Ces vingt dernières années, l’activité terroriste s’est intensifiée en Afrique. Pour la seule année 2021, l’Observatoire international pour l’étude du terrorisme (IOTS) recense 1 030 attaques terroristes et 4 225 victimes du terrorisme. Pour la prévention des conflits et une lutte efficace contre un terrorisme en mutation permanente et aux multiples facettes, une meilleure implications des leaders traditionnels apparaît, de l’avis de plusieurs experts, comme une nécessité.
La tradition africaine recèle un réservoir d’éthique, de disposition comportementale et de paroles garantissant les valeurs d’équilibre et harmonisation sociale qui souligne la capacité de la société traditionnelle à faire triompher en toute circonstance, le dialogue pour la Paix. Ces valeurs sont assurément constitutives d’une culture préventive et réparatrice susceptible d’être sollicitée soit avant le conflit circonscrit, soit quand le conflit n’a pu être évité en aval pour en extraire les conséquences, et minimiser l’impact sur la durée.
Charles Binam Bikoi, Secrétaire Exécutif du Centre International de Recherche et de Documentation sur les Traditions et les Langues Africaines (CERDOTOLA)
Si le terrorisme demeure un fléau mondial, la mise en œuvre de stratégies endogènes de lutte contre le terrorisme, plus proche des réalités locales est une nécessité, selon l’Union Africaine. Pour de nombreux chercheurs, cela passe par l’implication des sociétés traditionnelles et religieuses dans les stratégies de résolutions de crises. C’est l’exemple avec la lutte contre le groupe terroriste Boko Haram en Afrique Centrale, où les gouvernements camerounais et tchadiens se sont appuyés sur les légitimités traditionnelles.
Je pense qu’il y a une conception internationale de la crise sahélienne qui parfois éloigné des réalités locales. Cela pose très souvent les problèmes que nous avons récemment observés malgré l’investissement de certains pays et leur engagement militaire, qu’on en arrive à des situations de blocage et de conflits avec les populations locales. Et je crois que ce type de rencontre a permis de réduire le gap qu’il y a entre cette conception internationale et les perceptions locales et véritablement poser sur la table toutes les problématiques qui touchent la question de la sécurité et qui en définitive commencent à être prises en compte et prise en charge par les sociétés civiles africaines qui en font un véritable problème de gouvernance.

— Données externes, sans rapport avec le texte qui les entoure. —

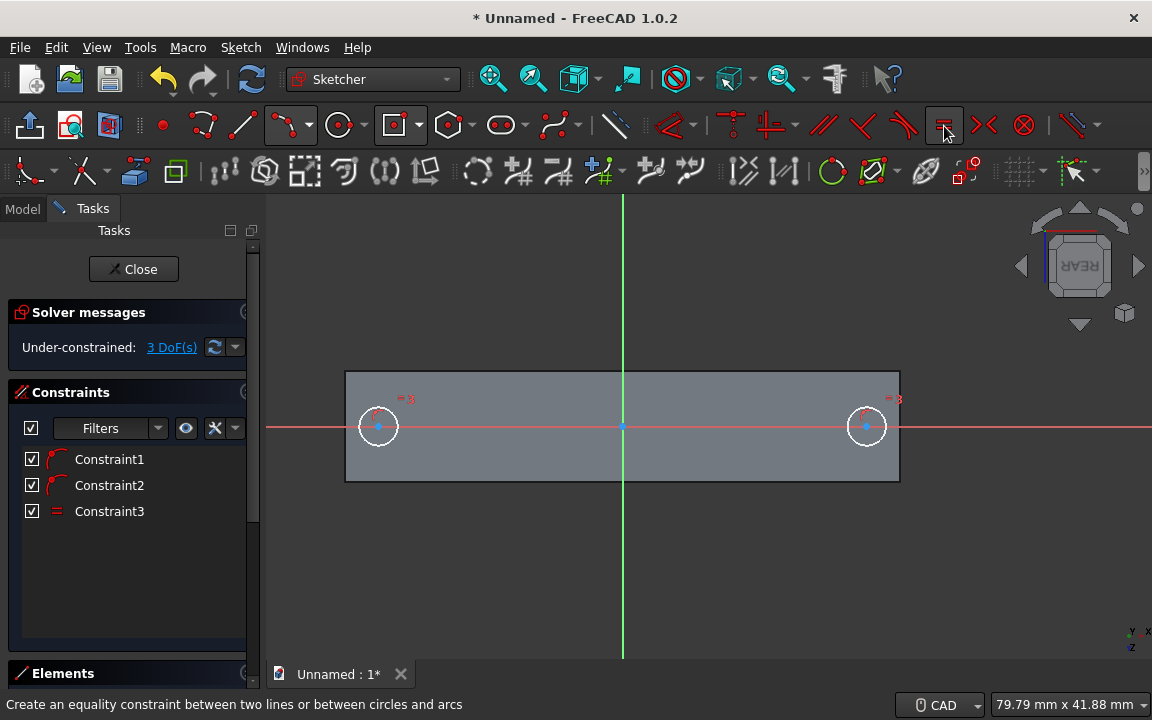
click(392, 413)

Bakary Sambe, Directeur de Timbuktu Institute-African Center for Peace Studies
Si sur la base du réseau relationnel noué avec sa population, le chef, gardien des valeurs culturelles et religieuses, est aujourd’hui un allié pour la détection des prémisses de crises sous-jacentes, la montée d’idéologies suspectes, les sources éventuelles de tensions et leurs résolutions, il n’en demeure pas moins que leurs actions peuvent-être instrumentalisées.
Il convient de garder à l’esprit que les acteurs traditionnels sont loin d’être des acteurs neutres. Les mécanismes traditionnels de gestion des conflits ne sont pas épargnés par l’instrumentalisation et les manœuvres politiques. Les élites politiques utilisent aussi volontiers que fréquemment les registres de ladite « tradition » pour se légitimer.
Rapport de recherche n°2 du Centre Franco-Paix, Juin 2017
Les légitimités traditionnelles et religieuses sont, de l’avis de nombre d’observateurs, des institutions qui ont un rôle stratégique dans la prévention des conflits et la sécurité de proximité. Toutefois, pour remplir cette mission, les gouvernements sont appelés à créer et à multiplier les cadres de concertation et d’échange avec les autorités traditionnelles et les Forces de Défense et de Sécurité implantées dans les foyers d’insécurité.